8.  Olvida el accionante que este trámite constitucional no es una  tercera instancia ni está instituida como una jurisdicción  paralela a la ordinaria y tampoco es la sede a la que se acude como  última opción cuando los resultados de acudir a las  vías establecidas en el ordenamiento jurídico han sido  desfavorables, por no poder existir concurrencia de instrumentos   judiciales porque siempre prevalecen estas últimas, de ahí  que se afirme que la tutela no es un camino adicional o  complementario, pues su carácter y esencia es ser único  medio de protección que al presunto afectado en sus derechos  fundamentales le brinda la Constitución y la ley.  

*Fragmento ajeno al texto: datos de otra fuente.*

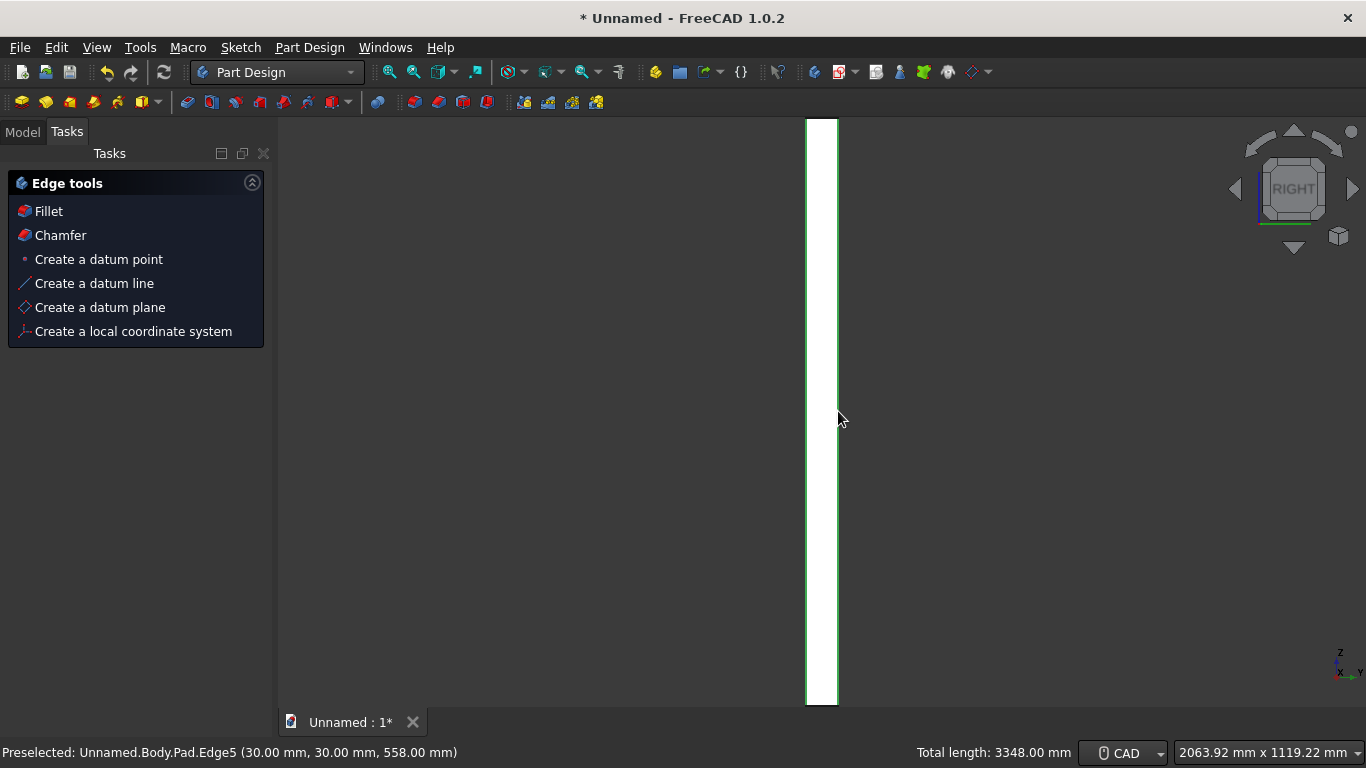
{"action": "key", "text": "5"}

9.  Además, se enfatiza, si se aceptara la postura expuesta por el  demandante, su tesis implicaría convertir la tutela en una  instancia adicional que haría interminables las controversias  que surgen de dispares criterios jurídicos y probatorios,  desconociendo de contera los mecanismos ordinarios de defensa al  interior del proceso penal y olvidando con ello, que esta acción  es un medio subsidiario y excepcionalísimo de defensa y  protección de los derechos fundamentales.  

10.  Acorde con lo anterior, al no observarse ninguna vulneración  de garantías fundamentales, la acción de tutela no  tiene vocación de prosperidad, razones por las que se negará  el amparo invocado.  

En  mérito de lo expuesto, la Sala de Decisión de Tutelas  No. 1 de la Sala de Casación Penal de la Corte Suprema de  Justicia, administrando justicia en nombre de la República y  por autoridad de la Ley,  

RESUELVE  

1. Negar  el amparo de tutela presentado por JORGE  ENRIQUE LONDOÑO MOLINA,  por las razones expuestas en precedencia.  

2. Remitir  copia de la presente decisión al proceso penal objeto de  censura.  

3. Notificar  este fallo a las partes de conformidad con el artículo 30 del  Decreto 2591 de 1991.  

4.  Enviar el expediente a la Corte Constitucional para la eventual  revisión de este fallo, en caso de no ser impugnado.  

Cúmplase  

JOSÉ  FRANCISCO ACUÑA VIZCAYA  

EUGENIO  FERNÁNDEZ CARLIER  

NUBIA  YOLANDA NOVA GARCÍA  

Secretaria  

1          Corte Constitucional, SU-355 de 2017.  

2          Corte Constitucional, sentencia T-522 de 2001.  

3          Cfr. Sentencias T-462 de 2003 ; SU-1184 de 2001 ; T-1625 de 2000 y          T-1031 de 2001.  

4          CSJ,          STP7059-2019, 4 Jun. 2019, rad. 104863.